Ayahuasca is a psychoactive brew made from the yagé vine and chacruna plant, both of which are native to the Amazon rainforest, along with other ingredients.Originally used as a ceremonial medicine in the Amazon basin, ayahuasca has now become increasingly popular in the U.S. even though the brew's active ingredient — N-Dimethyltryptamine (DMT) — remains illegal.

Churches such as the AYA, which holds ayahuasca ceremonies in Tucson, Phoenix and Scottsdale, say that the use of ayahuasca is their sacrament.
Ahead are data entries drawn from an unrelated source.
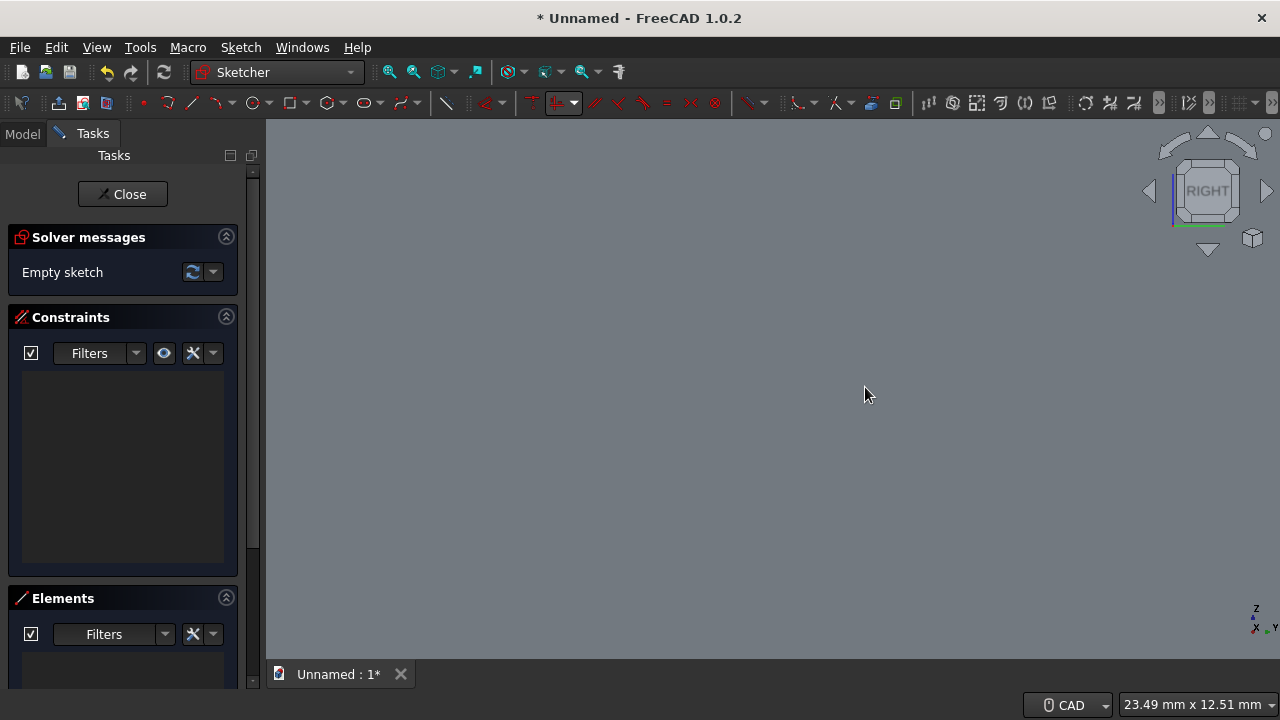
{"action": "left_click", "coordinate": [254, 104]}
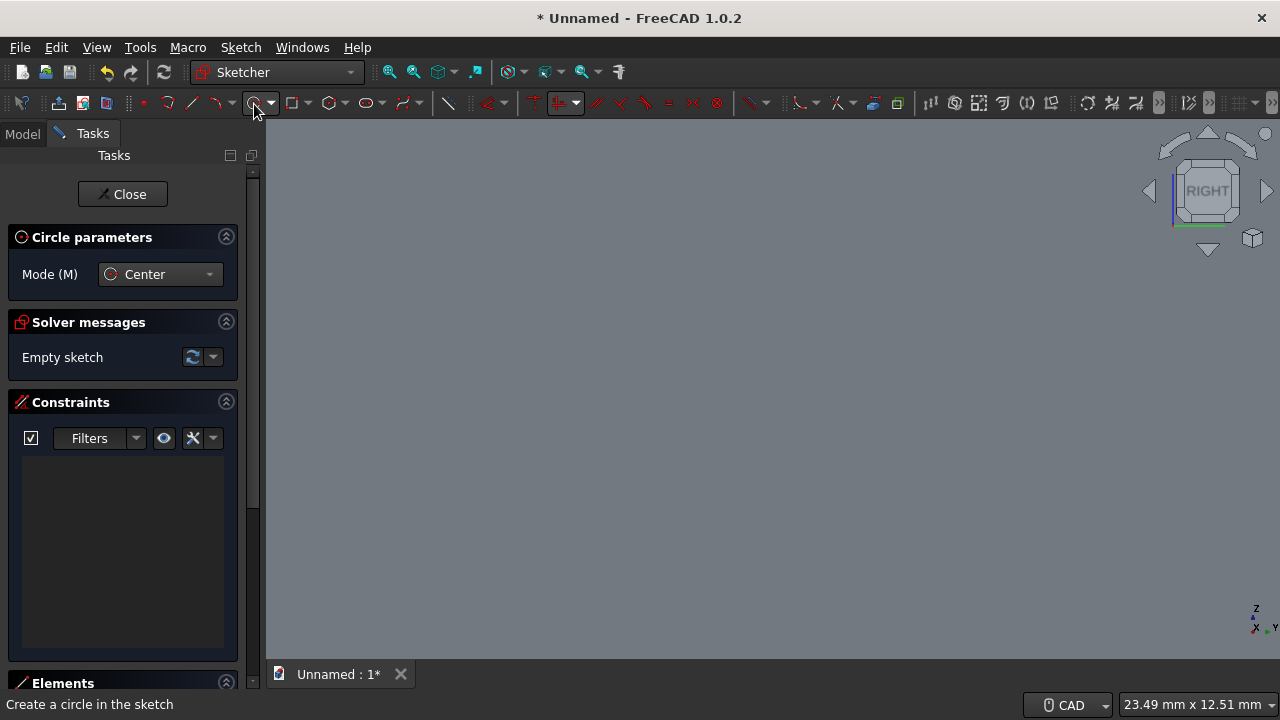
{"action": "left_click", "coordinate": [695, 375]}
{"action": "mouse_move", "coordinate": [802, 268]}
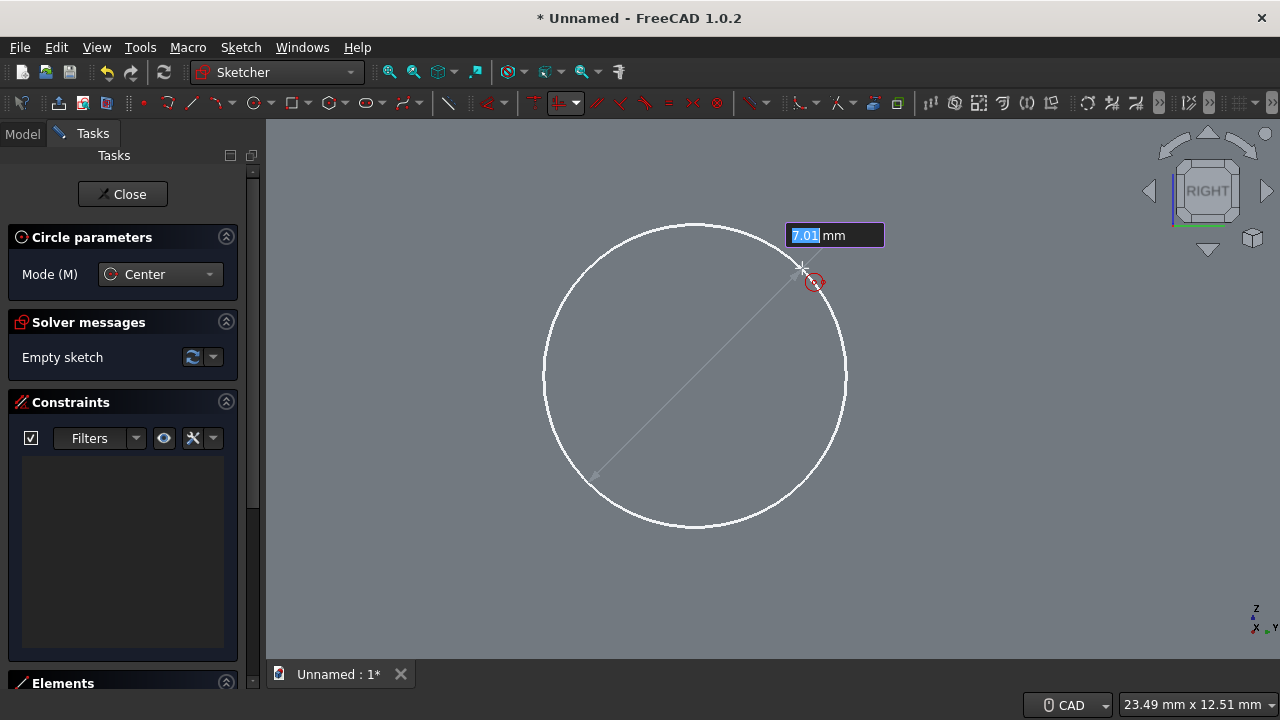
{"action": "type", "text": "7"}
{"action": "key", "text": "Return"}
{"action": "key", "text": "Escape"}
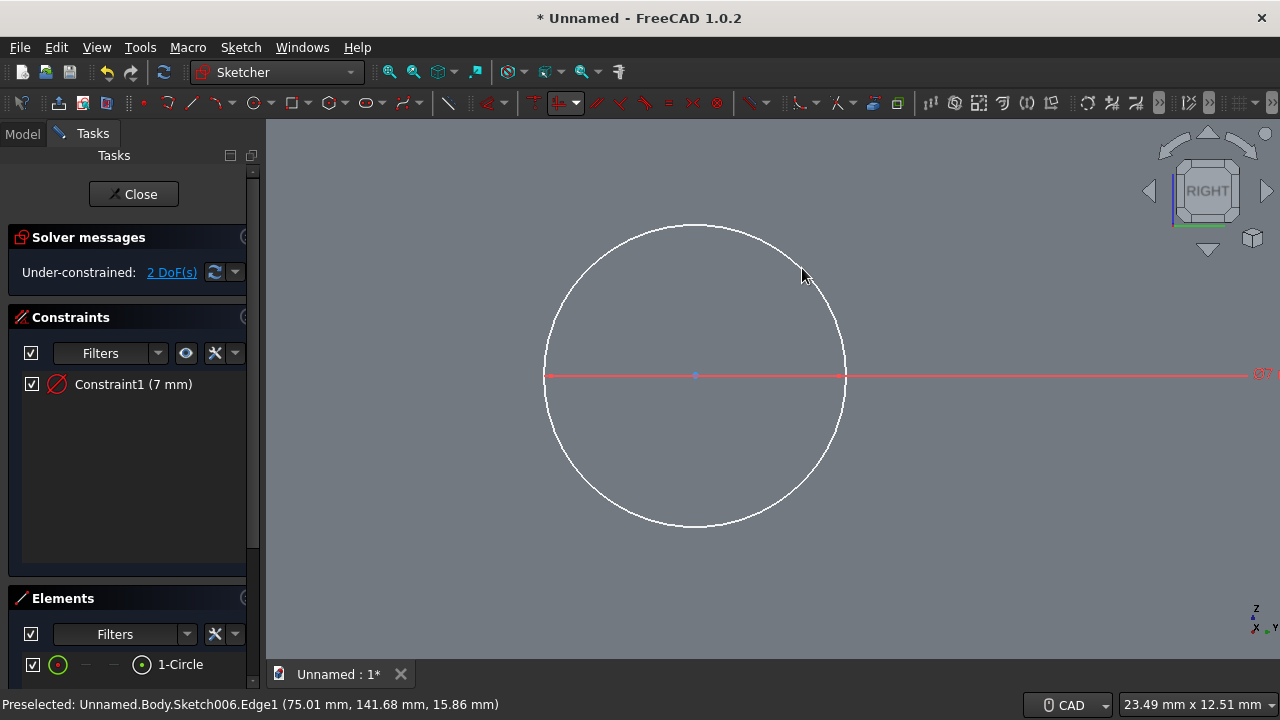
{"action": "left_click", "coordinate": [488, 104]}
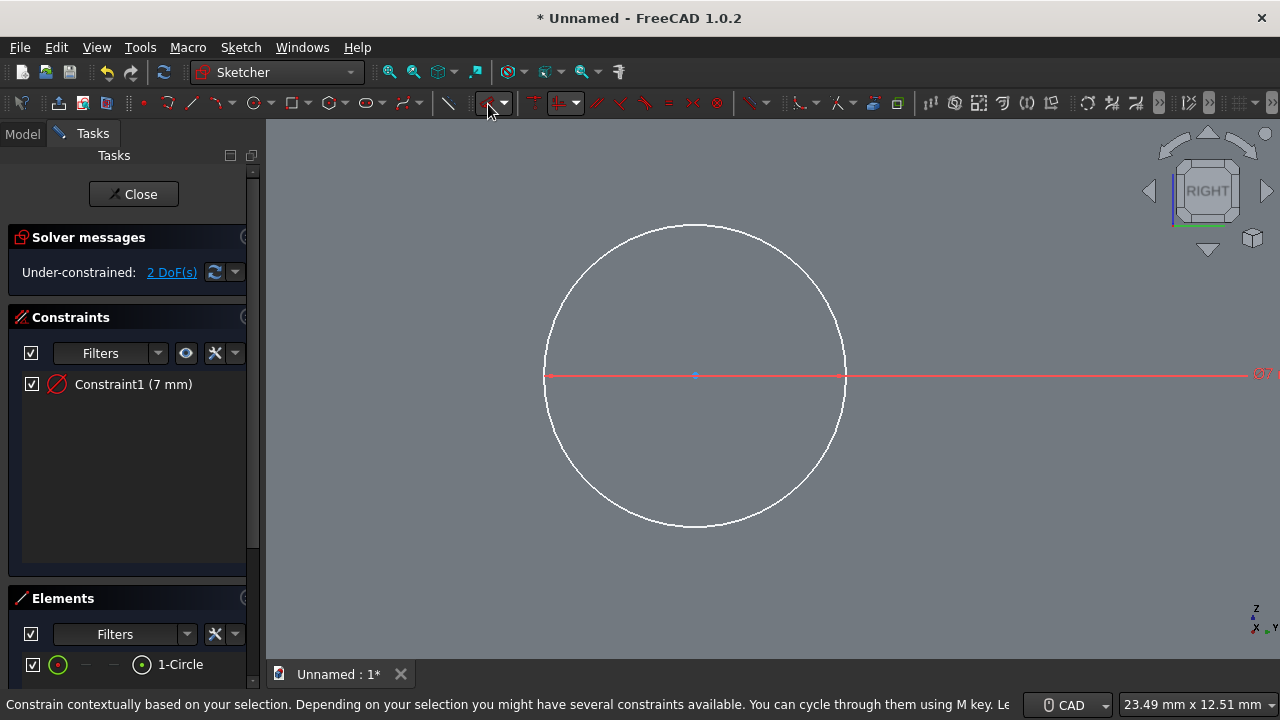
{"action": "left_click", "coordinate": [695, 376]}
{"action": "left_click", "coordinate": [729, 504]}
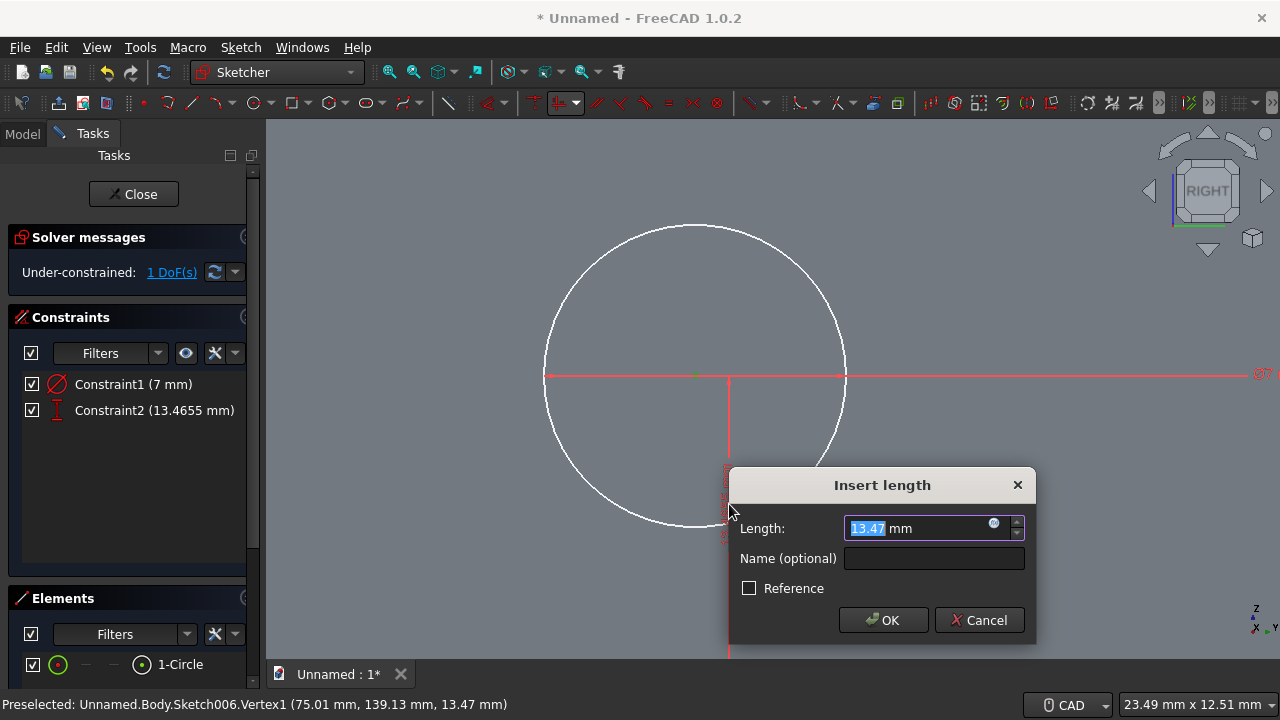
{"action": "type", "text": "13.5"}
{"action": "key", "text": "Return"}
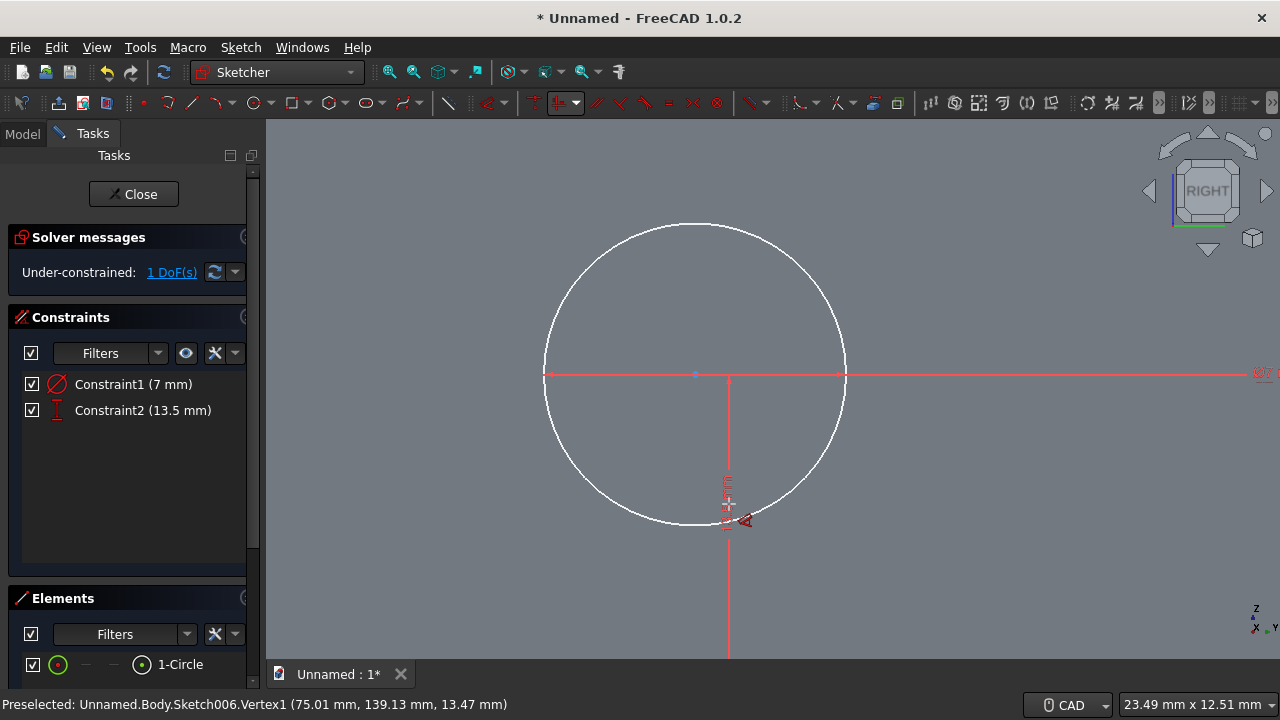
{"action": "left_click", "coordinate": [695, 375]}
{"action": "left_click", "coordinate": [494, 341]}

At ceremonies, congregants gather and take the psychedelic drug in a ritual that can last hours or even days. An increasing interest in the substance has resulted in a number of ayahuasca churches cropping up across the country.

However, the legality of ayahuasca used for religious purposes remains murky. The landmark 2006 U.S. Supreme Court decision in a case brought by ayahuasca church O Centro Espírita Beneficente União do Vegetal held that consumption of the drug for religious purposes exempts churches from prosecution under the Religious Freedom Restoration Act. According to the church's website, the case "has been cited in 1,200 Judicial Actions and Law Review articles."

But in Arizona, federal agents have seized ayahuasca at the AYA and the Church of the Eagle. Villanueva was later arrested after agents allegedly discovered a stash of ayahuasca, psilocybin mushrooms and marijuana. He died from cancer in April 2022 before his lawsuit went to trial.

Carreon accused the government of "turning up the heat" on seizures of ayahuasca, perhaps prompting more churches to file lawsuits.

While Villanueva's lawsuit originally alleged a large-scale conspiracy between the DEA and local law enforcement, it now has narrowed in scope to a claim under the Religious Freedom Restoration Act for the AYA. The lawsuit claimed that the DEA’s process for granting a religious exemption for the use of ayahuasca is illegal.

Should the case succeed, the church would be immune to federal prosecution.

The next hearing in the case is scheduled for June 6.